The function is_maze_complete() checks if the maze is complete. The function returns True if the maze is complete and False otherwise.
The last few lines of the code call the generate_maze() function and print the maze.
When this code is executed, it will generate a maze of the specified width and height. The maze will be printed to the console.
This is just a simple version of a maze generator. There are many ways to improve it, such as adding different maze generation algorithms or generating mazes with different features.
Weather App
This project will retrieve weather data from a weather API and display it in a user-friendly way.
Here is a simple Python code to get the current weather in a city:
import requests
def get_weather(city):
"""Gets the current weather in the specified city."""
# API key.
API_KEY = "YOUR_API_KEY"
# Base URL.
BASE_URL = "https://api.openweathermap.org/data/2.5/weather"
# Parameters.
parameters = {
"q": city,
"appid": API_KEY,
"units": "metric"
}
# Request the weather data.
response = requests.get(BASE_URL, params=parameters)
# Check the response status code.
if response.status_code == 200:
# The request was successful.
data = response.json()
return data
else:
# The request failed.
print("Error getting weather data.")
return None
# Get the user's city.
city = input("Enter the city: ")
# Get the weather data.
weather_data = get_weather(city)
# Print the weather data.
print(weather_data)
This code first defines a function called get_weather(). This function takes the city name as input and gets the current weather data for that city.

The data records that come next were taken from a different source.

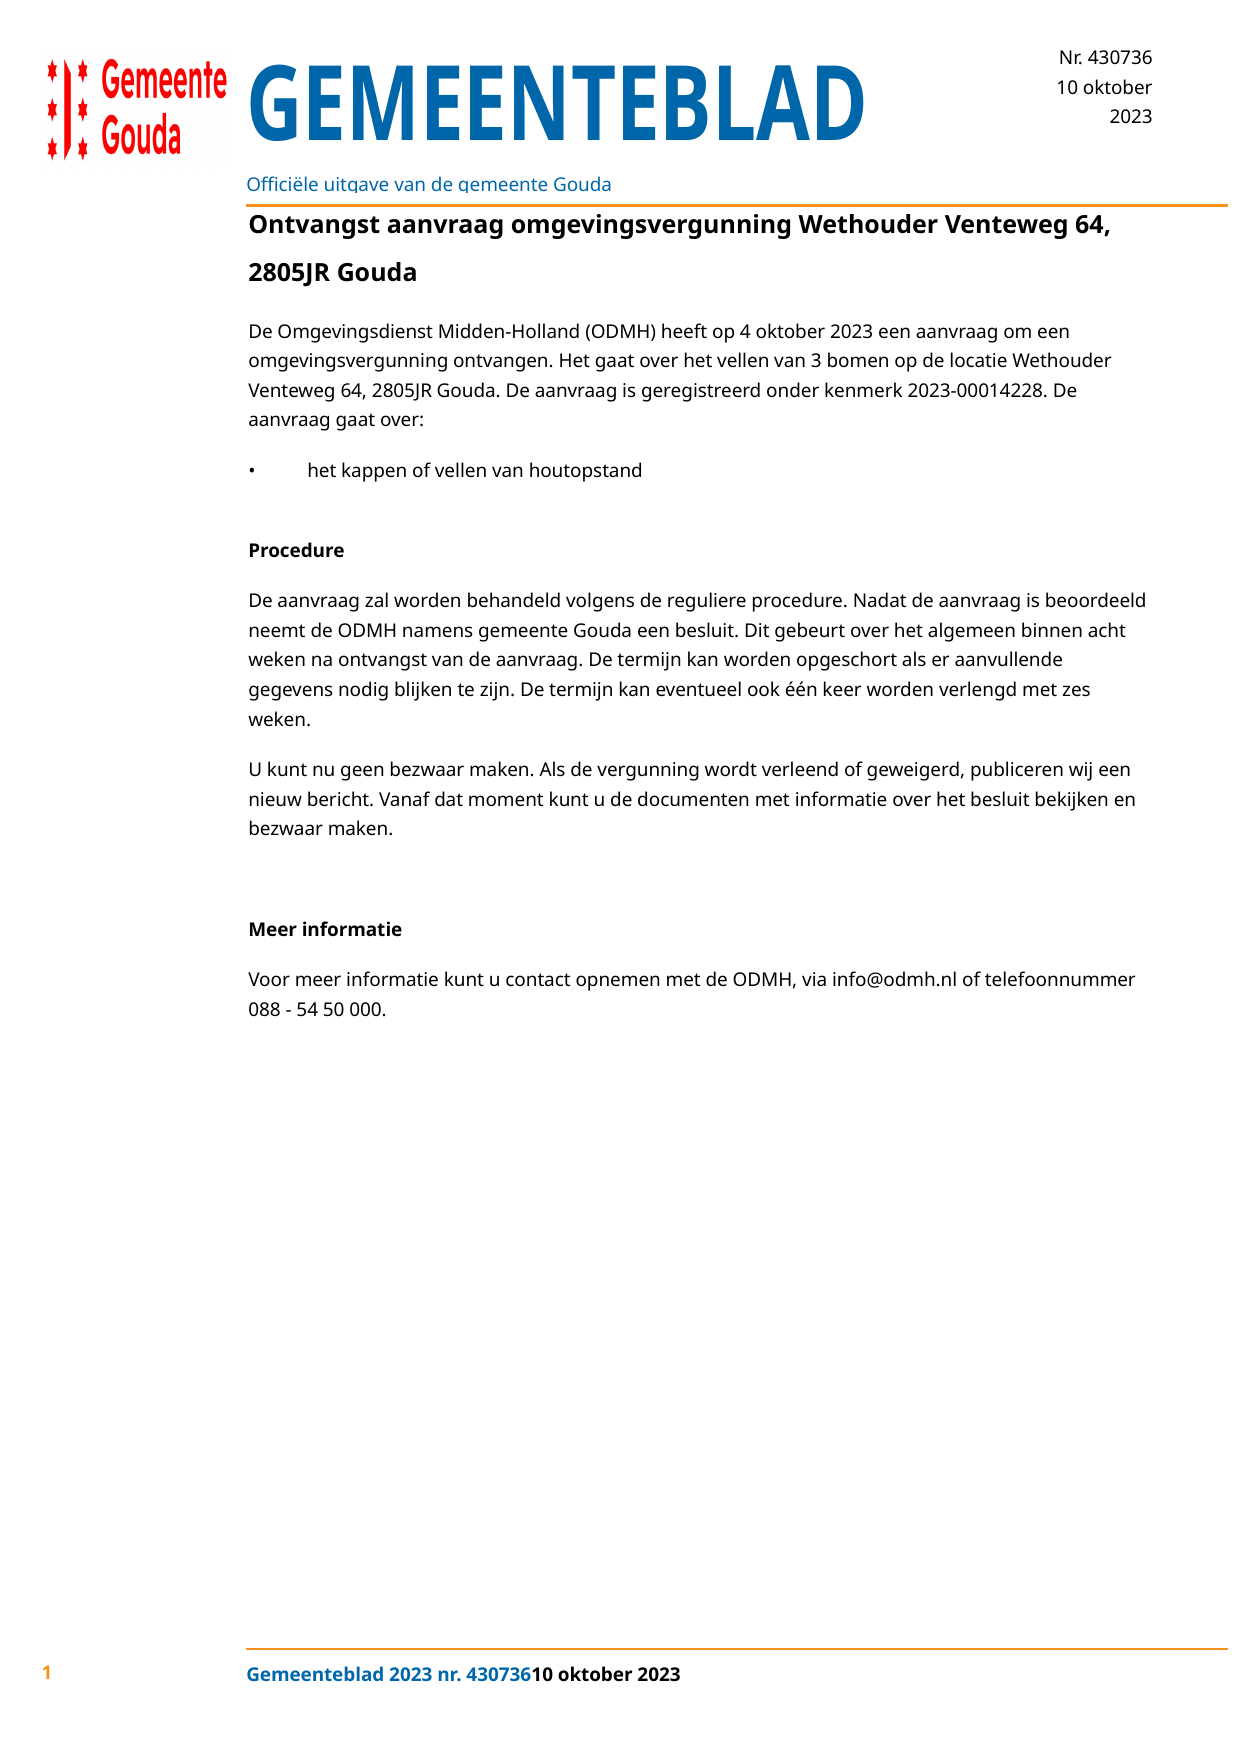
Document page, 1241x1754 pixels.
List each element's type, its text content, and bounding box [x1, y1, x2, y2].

text Meer informatie [248, 916, 1152, 942]
text Procedure [248, 537, 1152, 563]
text Voor meer informatie kunt u contact opnemen met de ODMH, via info@odmh.nl of telefoonnummer 088 - 54 50 000. [248, 967, 1152, 1022]
text Ontvangst aanvraag omgevingsvergunning Wethouder Venteweg 64, 2805JR Gouda [248, 207, 1152, 288]
text De Omgevingsdienst Midden-Holland (ODMH) heeft op 4 oktober 2023 een aanvraag om een omgevingsvergunning ontvangen. Het gaat over het vellen van 3 bomen op de locatie Wethouder Venteweg 64, 2805JR Gouda. De aanvraag is geregistreerd onder kenmerk 2023-00014228. De aanvraag gaat over: [248, 318, 1152, 432]
list het kappen of vellen van houtopstand [248, 457, 1152, 483]
picture [41, 47, 231, 172]
text De aanvraag zal worden behandeld volgens de reguliere procedure. Nadat de aanvraag is beoordeeld neemt de ODMH namens gemeente Gouda een besluit. Dit gebeurt over het algemeen binnen acht weken na ontvangst van de aanvraag. De termijn kan worden opgeschort als er aanvullende gegevens nodig blijken te zijn. De termijn kan eventueel ook één keer worden verlengd met zes weken. [248, 587, 1152, 732]
text U kunt nu geen bezwaar maken. Als de vergunning wordt verleend of geweigerd, publiceren wij een nieuw bericht. Vanaf dat moment kunt u de documenten met informatie over het besluit bekijken en bezwaar maken. [248, 756, 1152, 841]

The function works by first getting the API key from the user. Then, the function constructs the URL for the API request. Finally, the function makes the API request and returns the response data.
The last few lines of the code get the user’s city and call the get_weather() function. The weather data is then printed to the console.
When this code is executed, it will ask the user to enter the city name. The code will then get the current weather data for that city and print it to the console.
This is just a simple version of a weather app. There are many ways to improve it, such as adding different weather data, displaying the weather data in a more user-friendly way, or making the app more interactive.
These 10 easy Python projects offer an excellent starting point for beginners to practice their coding skills, gain confidence, and have fun while learning. By building these projects and exploring the source code, you’ll gain a deeper understanding of Python syntax, concepts, and best practices. As you progress, don’t hesitate to modify and expand these projects to make them uniquely yours. Happy coding!